Counterparty risks are back on the agenda in the insurance and reinsurance market, as part of carriers and regulators heightened concerns over credit risks and creditworthiness, which could serve to make fully-collateralized reinsurance through insurance-linked securities (ILS) even more appealing to ceding companies.
Regulators are increasingly raised counterparty credit risks as an issue that insurance and reinsurance market participants need to be aware and wary of.
From exposures on the asset side that can make a counterparty vulnerable to financial market shocks, to other systemic risks such as climate and cyber, the focus on creditworthiness of reinsurance counterparties and their ability to weather shocks to the global system has only been heightened since the pandemic broke out.
COVID-19 has sharpened the pencils of those analysing credit risk in the insurance and reinsurance industry, as well as other systemic type risk exposures.

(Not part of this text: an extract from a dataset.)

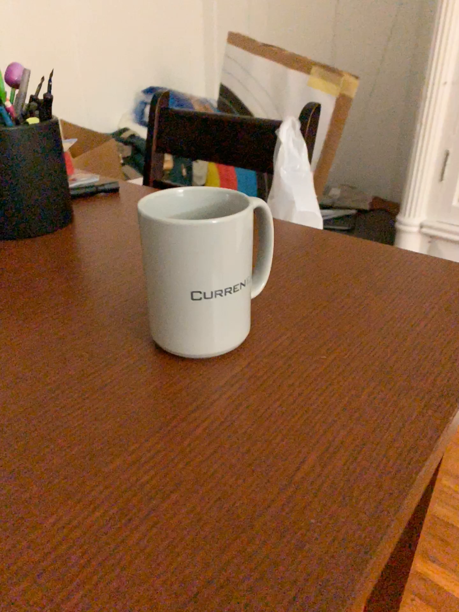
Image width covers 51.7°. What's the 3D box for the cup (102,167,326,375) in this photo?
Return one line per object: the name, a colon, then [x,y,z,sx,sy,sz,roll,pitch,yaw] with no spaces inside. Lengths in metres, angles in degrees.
cup: [-0.011,-0.039,0.390,0.140,0.109,0.100,-23,36,-34]
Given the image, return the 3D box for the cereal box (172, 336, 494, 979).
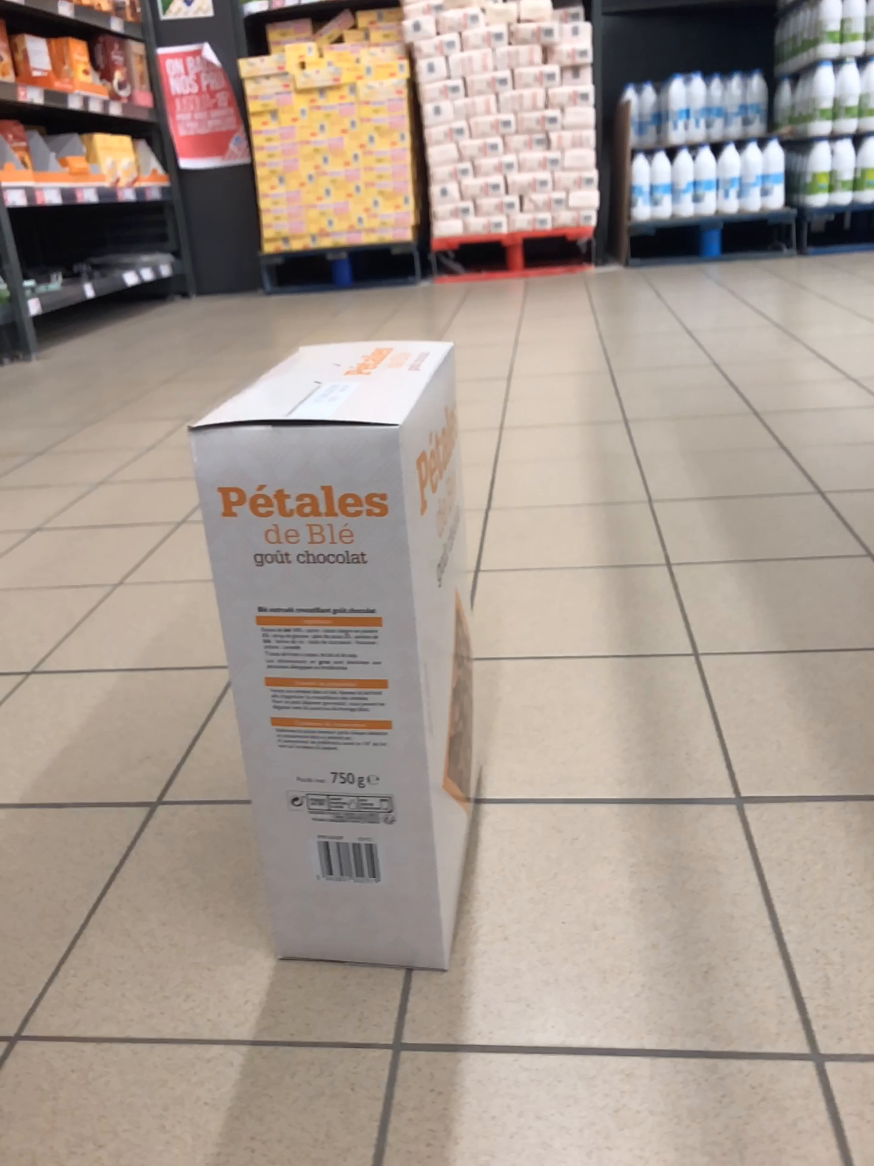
[{"bbox_3d":[-0.035,0.029,0.527,0.100,0.289,0.191,-1,22,9],"label":"cereal box"}]

The UK’s Prudential Regulatory Authority (PRA) warned re/insurers in its 2021 outlook back in December that, on credit risks, “The outlook for credit risk remains highly uncertain due to the factors noted above,and insurers are exposed to downgrades and defaults that would accompany any deterioration in credit fundamentals. In view of the illiquid nature of much of the sector’s credit exposure, both through direct investments and counterparty risks in, for example, reinsurance contracts, we expect your board to satisfy itself that the firm is resilient to a wide range of potential adverse credit scenarios in the short and medium term.”
It’s a sign of the heightened nervousness over the potential for counterparty credit to become an issue in re/insurance, should shocks of similar magnitude to the pandemic occur.
Regulators are increasingly honing their stress testing regimes to try to identify stress events that could cause market volatility, disruption, or a breakdown of creditworthiness in the sector.
On this, the PRA says that it wants to build on previous rounds of stress testing, “to develop stress testing as a supervisory tool for measuring sector resilience to specific shocks and to explore its use to provide a top-down assessment of individual firms’ capital adequacy.”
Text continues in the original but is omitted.